From Casetext: Smarter Legal Research

Osiecki v. Town of Huntington

Appellate Division of the Supreme Court of New York, Second Department
Feb 11, 1991
170 A.D.2d 490 (N.Y. App. Div. 1991)

Summary

In Osiecki v. Huntington, 170 A.D.2d 490, 565 N.Y.S.2d 564 (2 Dept. 1991) the court held there need not be a separate plan where the plaintiffs challenged the zoning of its land, (approximately five and one-half acres) for residential use.

Summary of this case from State, Chiavola v. Village of Oakwood

Opinion

February 11, 1991

Appeal from the Supreme Court, Suffolk County (Seidell, J.).


Ordered that the judgment is reversed, on the law, without costs or disbursements, and it is declared that the one-acre residential zoning classification of the plaintiffs' property is invalid because it does not comply with a comprehensive plan.

The plaintiffs own an approximately five and one-half acre parcel at the northwest corner of Old Country Road and Old New York Avenue in the Town of Huntington (hereinafter the Town). It is zoned for low density residential use (one-acre plots). Two other parcels to the west, on the north side of Old Country Road have been zoned for commercial office buildings and have been developed as such. The properties to the south and east of the subject property, across Old Country Road and Old New York Avenue are zoned for one-acre residential use, but are respectively in current use as a farm and for water district purposes by the Town of Huntington. To the north of the subject property is the Northern State Parkway. North of the Parkway is a Town Park also zoned one-acre residential.

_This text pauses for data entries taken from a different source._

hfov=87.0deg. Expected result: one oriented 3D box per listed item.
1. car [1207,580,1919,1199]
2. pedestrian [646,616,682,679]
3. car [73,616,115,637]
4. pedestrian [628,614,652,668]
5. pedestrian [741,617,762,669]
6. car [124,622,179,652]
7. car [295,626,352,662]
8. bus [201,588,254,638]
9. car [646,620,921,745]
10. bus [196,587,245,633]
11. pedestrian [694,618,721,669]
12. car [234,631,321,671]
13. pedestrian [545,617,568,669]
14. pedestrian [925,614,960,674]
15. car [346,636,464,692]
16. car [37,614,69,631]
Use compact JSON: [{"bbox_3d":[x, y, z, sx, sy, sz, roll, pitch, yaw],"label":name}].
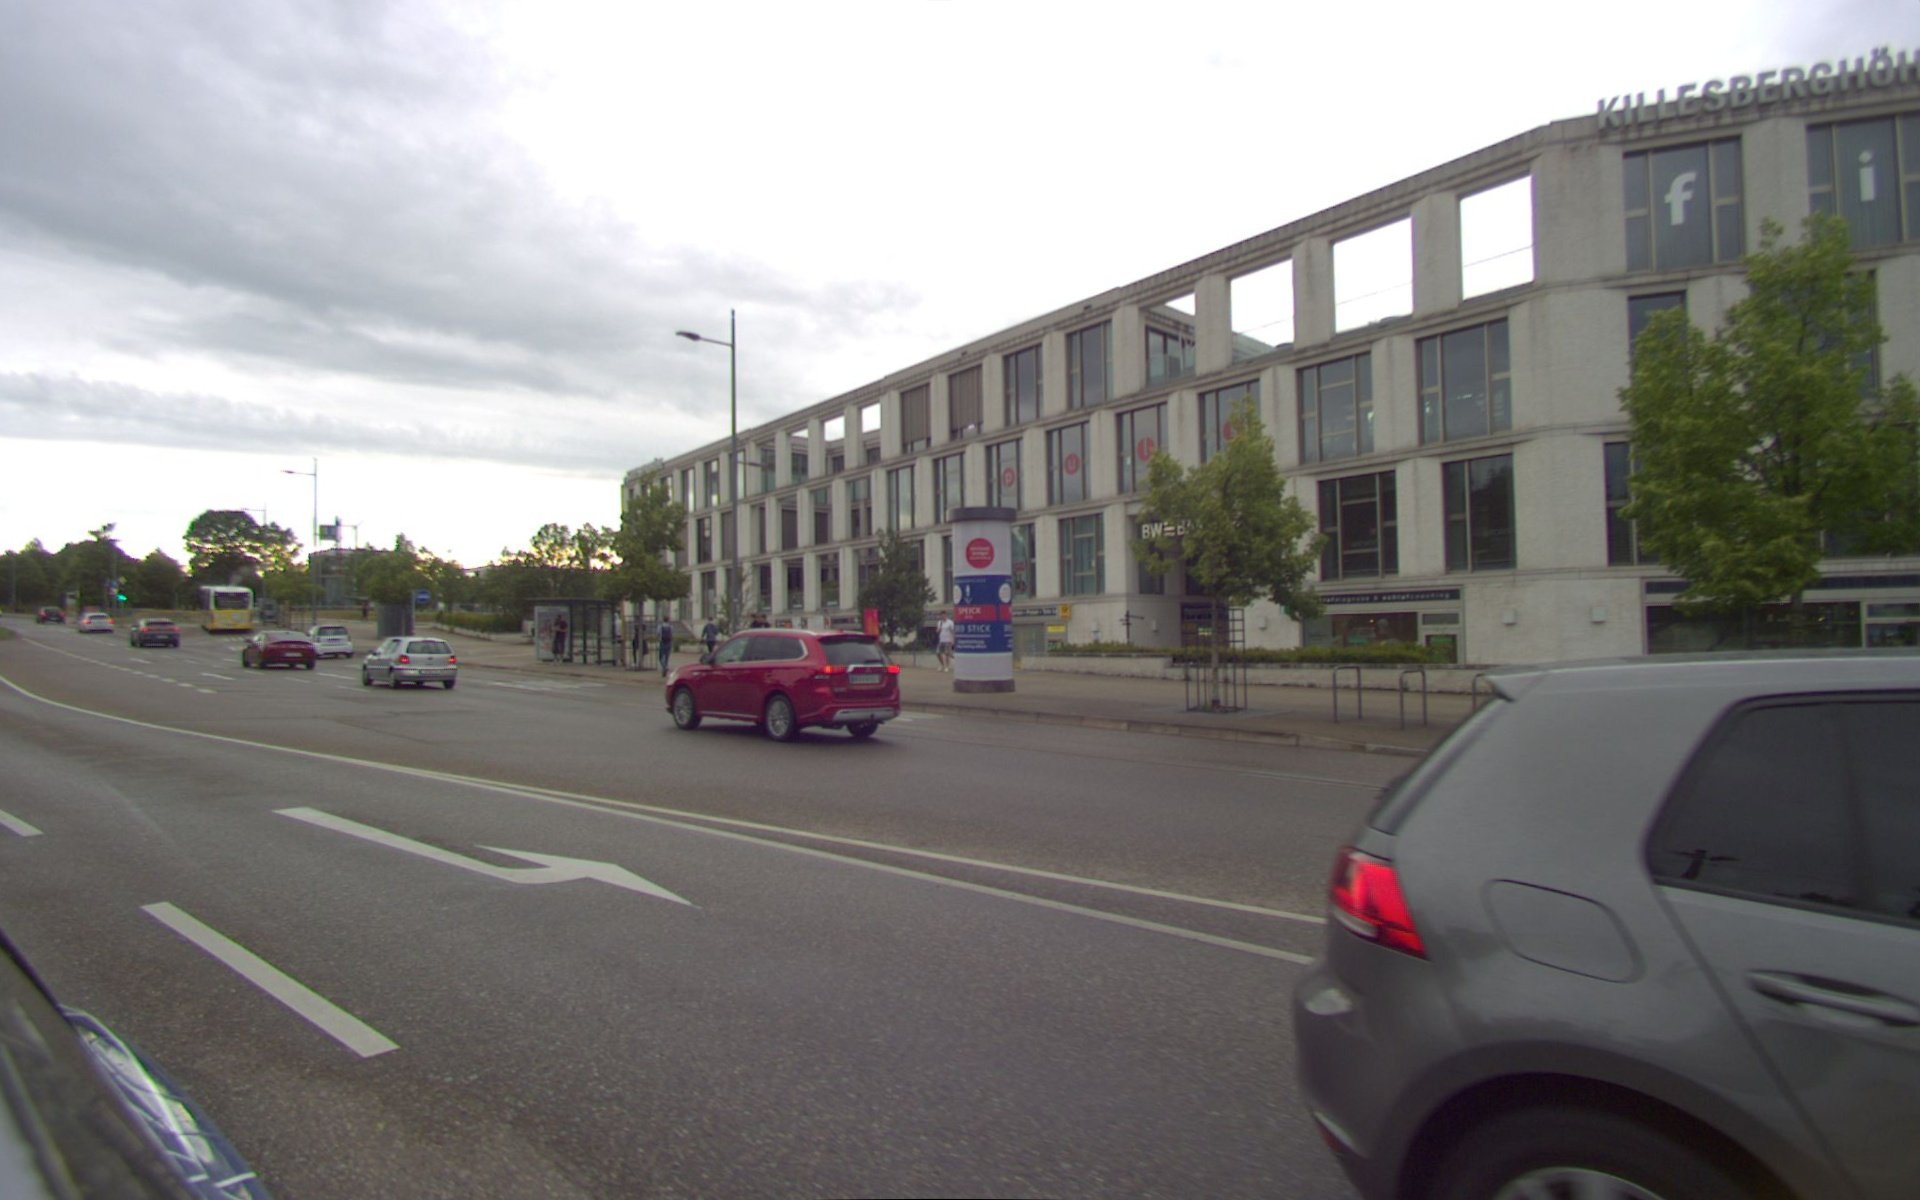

The plaintiffs commenced this action for a judgment declaring the one-acre residential zoning of their property invalid as (1) inconsistent with the Town's comprehensive zoning plan, or (2) a violation of equal protection of the law in relation to the other commercially zoned property adjacent to it. After a nonjury trial, the court rejected the plaintiffs' assertions that the residential zoning of their property was invalid. We disagree.

Town Law § 263 provides that zoning ordinances must be made in accordance with a comprehensive plan. A comprehensive plan is a compilation of land use policies that may be found in any number of ordinances, resolutions, and policy statements of the Town (see, Curtiss-Wright Corp. v Town of E. Hampton, 82 A.D.2d 551, 557). As the Court of Appeals noted in Udell v Haas ( 21 N.Y.2d 463, 472), "[t]hese policies may be garnered from any available source, most especially the master plan of the community, if any has been adopted, the zoning law itself and the zoning map".

Town Law § 272-a gives the planning board the authority to prepare a master plan for the development of the entire area of a town. The planning board of the Town adopted such a plan in 1965 and it was amended in 1966. The master plan designated the entire block, of which the subject parcel is a part, for commercial development and a large number of zoning changes and Town actions have been consistent with the master plan (see, Tilles v Town of Huntington, 74 N.Y.2d 885, affg 137 A.D.2d 118). In addition, as recently as 1986 the Town Planning Board and Planning Department recommended that the subject parcel be developed commercially. Unrefuted expert testimony indicated that the Town's action constituted comprehensive planning that the block be commercially developed. Indeed, the Town acknowledges that the numerous rezonings in the area show that it followed the master plan to a large extent.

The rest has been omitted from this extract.